Una mirada a la mente de los asesinos

Una mirada a la mente de los asesinos

Nuestro país no está al margen de los oscuros personajes que son los asesinos seriales. A lo largo de nuestra historia han sido varios los nombres que entran en esta categoría. Conocerlos resulta apenas el primer paso para evitar que otros se sumen a la lista. ¿Cómo piensan? ¿De qué depende su reinserción a la sociedad? Acompáñanos en este recorrido.

TedBundy, John Wayne Gacy, Jeffrey Dahmer, Andrei Chikatilo son nombres que no pasan desapercibidos cuando de asesinos seriales se trata. Sus actos dejaron al mundo perplejo y numerosas personas vivieron la ansiedad de salir a las calles y encontrarse de cara con la muerte.

Por desgracia, nuestro país no ha quedado exento de los titulares mundiales en este tema. En México hemos visto desfilar crímenes atroces que nos hicieron caer en cuenta que se trataba de asesinos seriales, Desde El Chalequero  hasta La Degolladora, pasando por El Caníbal de la Guerrero. Descubrir cuál fue su motivación y cómo funciona su mente es dar un primer paso hacia evitar que más sucesos como estos ocurran.

¿Quién es un asesino en serie?

La definición más aceptada por la comunidad científica dice que un asesino serial es aquel que mata por placer psicológico o sexual, o bien porque no siente empatía con el dolor. Es quien comete más de tres crímenes durante un determinado periodo de tiempo entre cada uno de ellos, con una técnica idéntica o semejante.

Cabe aclarar que psicológicamente hay ciertas distinciones que se deben hacer antes de que un asesino pueda considerarse serial. Las personalidades sociópatas y psicópatas son las que tienen mayor tendencia a este tipo de comportamientos; sin embargo “no todos los psicópatas son asesinos en serie, pero todos los asesinos en serie son psicópatas”, dice el Manual diagnóstico y estadístico de los trastornos mentales.

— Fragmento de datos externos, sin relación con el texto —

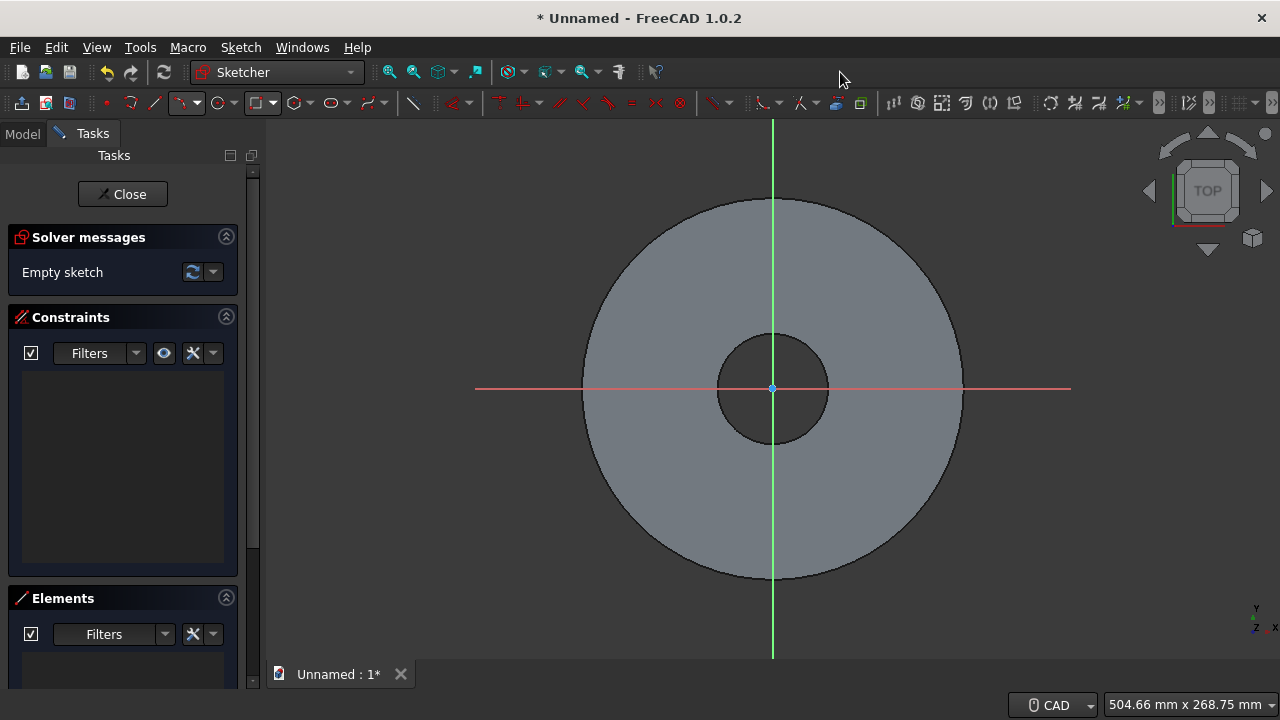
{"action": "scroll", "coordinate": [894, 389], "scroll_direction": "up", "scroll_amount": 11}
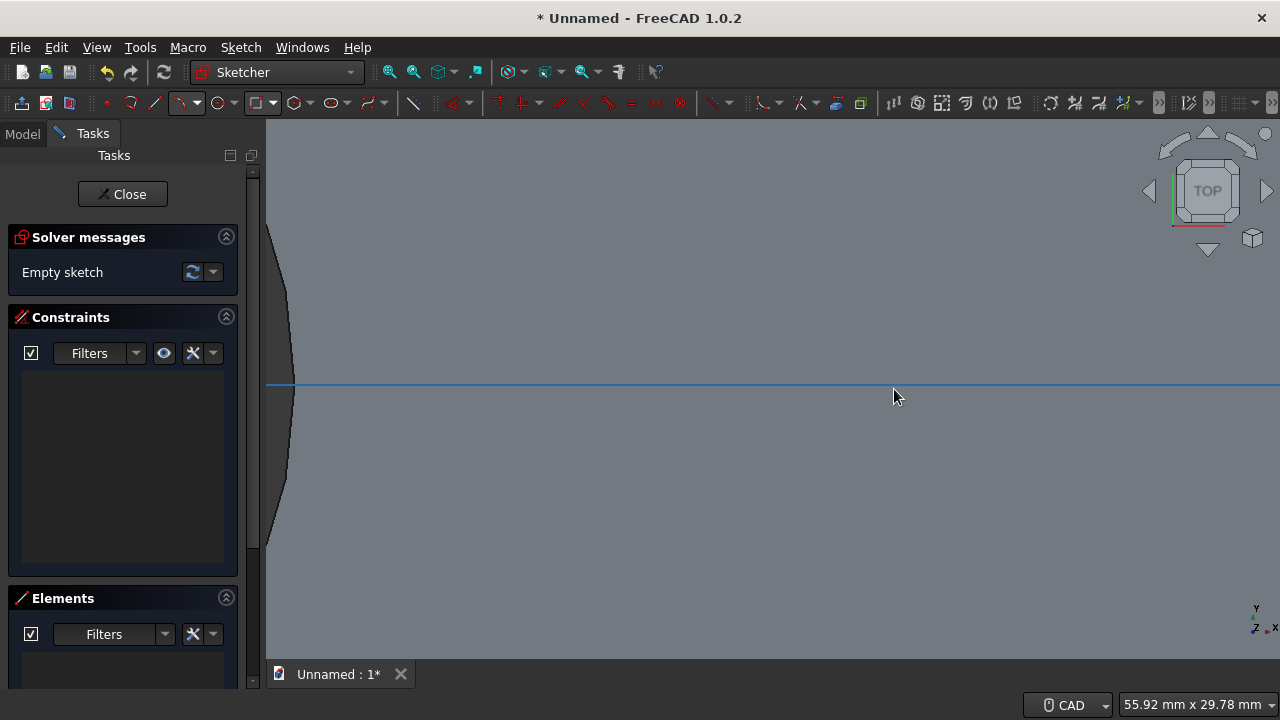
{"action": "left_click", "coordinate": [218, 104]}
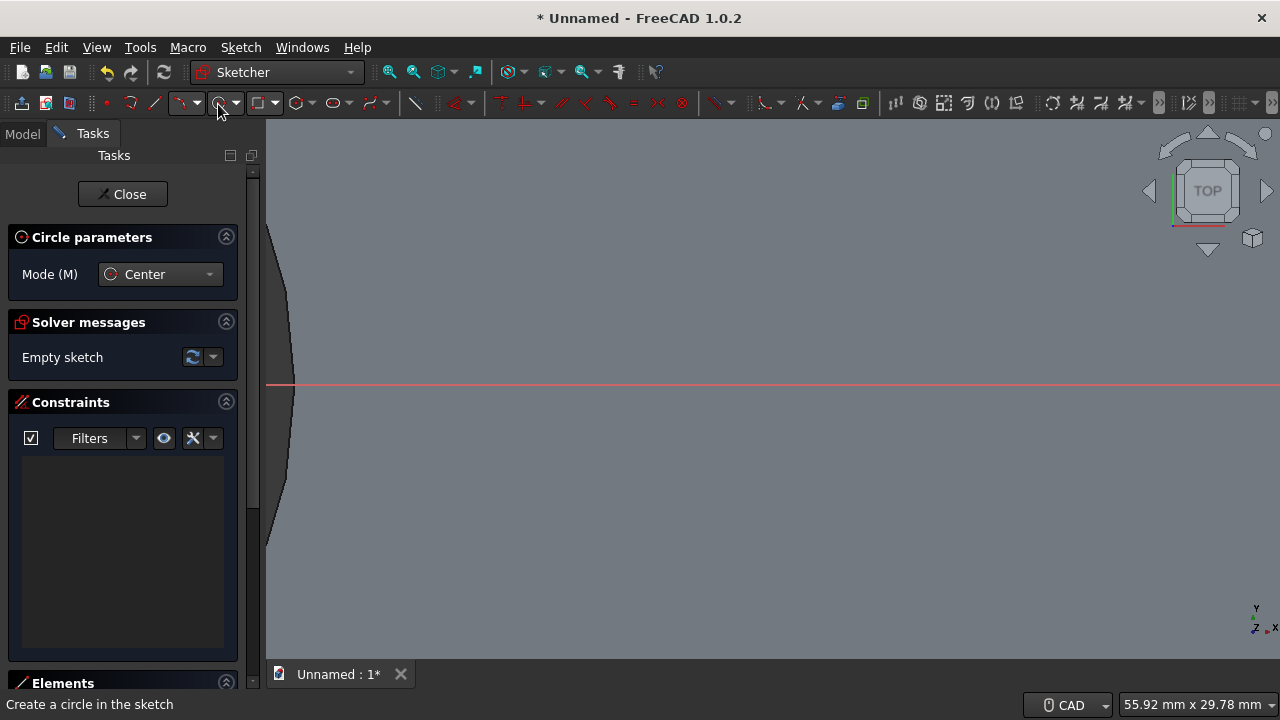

Un asesino en serie es el resultado del entorno en el que se desenvuelve la persona, sumado a las cualidades que su personalidad ofrece. Es decir, un sujeto con trastorno antisocial (psicópata o sociópata) tiende a ser un asesino si su entorno influye en su comportamiento.

Un entorno familiar inapropiado, con patrones como violencia entre los padres; maltrato, indiferencia-abandono o demasiada permisividad por parte de uno o ambos progenitores; ausencia de uno o ambos progenitores; incestos, abuso sexual o algún tipo de situación sexualmente insana originada en el marco familiar; comportamientos desequilibrados y destructivos-autodestructivos en los padres, tales como alcoholismo, drogadicción, prostitución podría resultar los detonantes principales para recurrir al asesinato como forma de desahogo.

Ahora bien, biológicamente, existen estudios científicos, el más famoso de ellos encabezado por el doctor James Fallon quien ha dedicado gran parte de su carrera a desentrañar qué esconde la mente de un sociópata mediante escáneres, descubrió que una de las regiones del cerebro encargada de la ética del comportamiento y control de impulsos tenía menor actividad de lo normal, algo que se repetía en los asesinos que había estudiando por años.

Pero no terminó ahí. El investigador también  realizó un completo screen de los genes de estos individuos y detectó una variante agresiva del gen monoamina oxidasa A, también conocido como Gen Guerrero.

Quienes tienen el llamado Gen Guerrero no son asesinos por naturaleza, pero sí desarrollan una mayor predisposición a protagonizar hechos violentos.

Este gen se caracteriza por una mutación en la enzima monoamina oxidasa A, que tiene como labor degradar la basura que dejan algunos neurotransmisores como la serotonina y noradrenalina.

Las personas que poseen la mutación tienen problemas para degradar estos neurotransmisores, lo que se traduce en reacciones precipitadas y exceso de ira.

El tener el Gen Guerrero no transforma a una persona en asesino o psicópata, la gran mayoría de ellas lleva una vida totalmente normal, aunque sí están más expuestos a trastornos depresivos.
Nadie nace asesino, pero si se combinan una serie de circunstancias sumadas a una condición genética que puede devenir en un escaso control de impulsos, una persona tendría una mayor posibilidad de serlo.